I hate it because it's essentially a preemptive ad hominen attack. The author knows people are going to disagree with them, so they poison the well so when people inevitably do disagree , the original writer/speaker/whatever can say "I called it."

Bob does this a lot and it's starting to irritate me. He's a smart guy, no doubt, but lately I feel like he'd be the first person to tell you that. News flash Bob: Being smart doesn't mean that people who disagree with you are dumb.

Belated:
You know who thought Sucker Punch was misogynist? FeministFrequency.

To me this only comes off as funny cause Bob defended Sarkeesian's Tropes vs Women project without examining any of the points against her and instead of examining the reasonable arguments, just put it to angry gamers.

I don't really care for Bob's opinions on movies. I think Sucker Punch is just stupid, overdone, forwards dumb stereotypes of the "videogame generation" and if it's trying to be ironic it's definitely not done in a way that everyone can see.

Belated:
You know who thought Sucker Punch was misogynist? FeministFrequency.

So?

Let me direct you to the Guilt by association fallacy

Just because Feminist Frequency has been (arguably) wrong in the past does not mean the viewpoint is wrong just because they (she) shares it.

I'm not saying Sucker Punch is Misogynistic. I'm not saying it's not. I'm staying out of this fight. I just wanted to point out that's a bad argument.

ChrisRedfield92:
The opposite word of misogynist is misandrist, a word that seems so unknown that even the spell check on this thing is giving the red flag.

Anyone beginning to think the sexist tables are turning to opposite way?

By the way, all I saw when I first saw this movie was just a silly action flick with an overabundance of CG; maybe I didn't get the message because I'm not in the target audience

It did feel like the movie spent all it's time reducing men down to one of two Star Wars characters. One guy ends up as the kindly wise older Obi-Wan Kenobi while all the other men are like Jabba the Hutt. Instead of a message that says hey guys perhaps we should think about how we objectify women because they are attractive the message felt more like you should hate yourself for being born male because most men are scum.

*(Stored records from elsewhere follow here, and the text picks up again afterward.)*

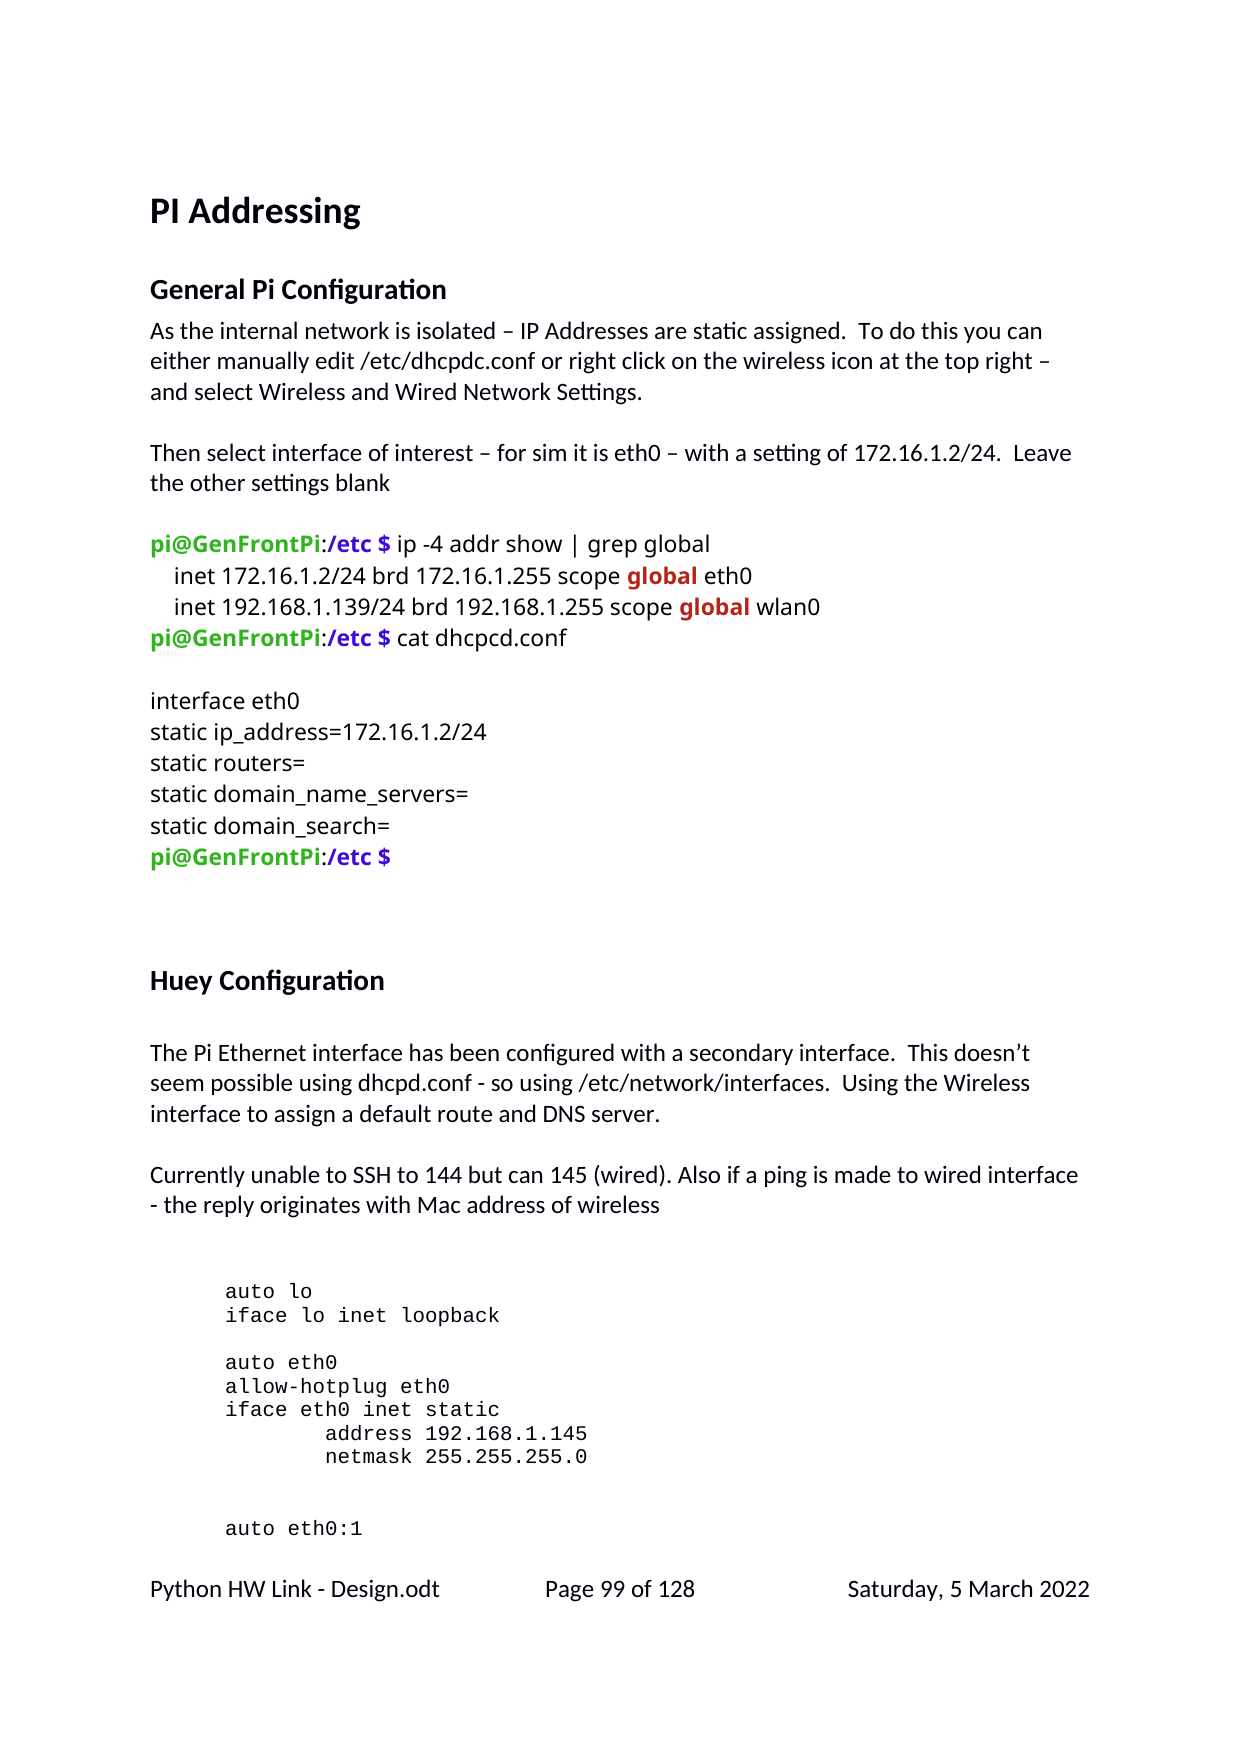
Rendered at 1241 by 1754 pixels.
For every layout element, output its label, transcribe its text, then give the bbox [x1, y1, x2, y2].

text static ip_address=172.16.1.2/24 [150, 716, 1090, 747]
text auto lo iface lo inet loopback auto eth0 allow-hotplug eth0 iface eth0 inet static address 192.168.1.145 netmask 255.255.255.0 auto eth0:1 [225, 1251, 1090, 1541]
text The Pi Ethernet interface has been configured with a secondary interface. This doesn’t seem possible using dhcpd.conf - so using /etc/network/interfaces. Using the Wireless interface to assign a default route and DNS server. [150, 1037, 1090, 1128]
text pi@GenFrontPi:/etc $ cat dhcpcd.conf [150, 622, 1090, 653]
text pi@GenFrontPi:/etc $ [150, 841, 1090, 872]
subtitle General Pi Configuration [150, 271, 1090, 306]
subtitle Huey Configuration [150, 962, 1090, 998]
text static routers= [150, 747, 1090, 778]
text Then select interface of interest – for sim it is eth0 – with a setting of 172.16.1.2/24. Leave the other settings blank [150, 437, 1090, 498]
text static domain_name_servers= [150, 778, 1090, 810]
text As the internal network is isolated – IP Addresses are static assigned. To do this you can either manually edit /etc/dhcpdc.conf or right click on the wireless icon at the top right – and select Wireless and Wired Network Settings. [150, 315, 1090, 406]
text Currently unable to SSH to 144 but can 145 (wired). Also if a ping is made to wired interface - the reply originates with Mac address of wireless [150, 1159, 1090, 1220]
text interface eth0 [150, 685, 1090, 716]
text pi@GenFrontPi:/etc $ ip -4 addr show | grep global [150, 528, 1090, 560]
subtitle PI Addressing [150, 187, 1090, 233]
text static domain_search= [150, 810, 1090, 841]
text inet 172.16.1.2/24 brd 172.16.1.255 scope global eth0 [150, 560, 1090, 591]
text inet 192.168.1.139/24 brd 192.168.1.255 scope global wlan0 [150, 591, 1090, 622]

Men in the film are either the wise man who can't protect the women but can act as a guide or men are just out to exploit the women in some way.

Krantos:

Belated:
You know who thought Sucker Punch was misogynist? FeministFrequency.

So?

Let me direct you to the Guilt by association fallacy

Just because Feminist Frequency has been (arguably) wrong in the past does not mean the viewpoint is wrong just because they (she) shares it.

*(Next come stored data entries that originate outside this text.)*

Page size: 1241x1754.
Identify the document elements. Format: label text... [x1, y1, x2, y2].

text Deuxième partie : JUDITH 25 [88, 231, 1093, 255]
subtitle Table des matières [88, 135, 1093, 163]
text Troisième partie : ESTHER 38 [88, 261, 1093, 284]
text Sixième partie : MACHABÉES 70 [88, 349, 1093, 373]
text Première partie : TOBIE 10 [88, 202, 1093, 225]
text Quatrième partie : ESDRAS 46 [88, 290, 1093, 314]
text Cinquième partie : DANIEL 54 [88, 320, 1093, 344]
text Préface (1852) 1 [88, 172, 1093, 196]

I'm not saying Sucker Punch is Misogynistic. I'm not saying it's not. I'm staying out of this fight. I just wanted to point out that's a bad argument.

It is a bad argument. Good thing I'm not making it.

Read the rest of my post. I'm not saying the opinion is wrong BECAUSE she holds it. I'm saying the opinion is wrong, "Oh, and by the way, this lady holds it."

Now let me redirect you to http://en.wikipedia.org/wiki/Straw_man

Lilani:

Azaraxzealot:
If the themes or symbolism had to be explained outside of the film/book/comic/game/any form of media, then the media obviously did a piss-poor job at getting it to the audience in the first place. Which makes it a shitty movie.

I'm pretty sure Bob got it, at the very least.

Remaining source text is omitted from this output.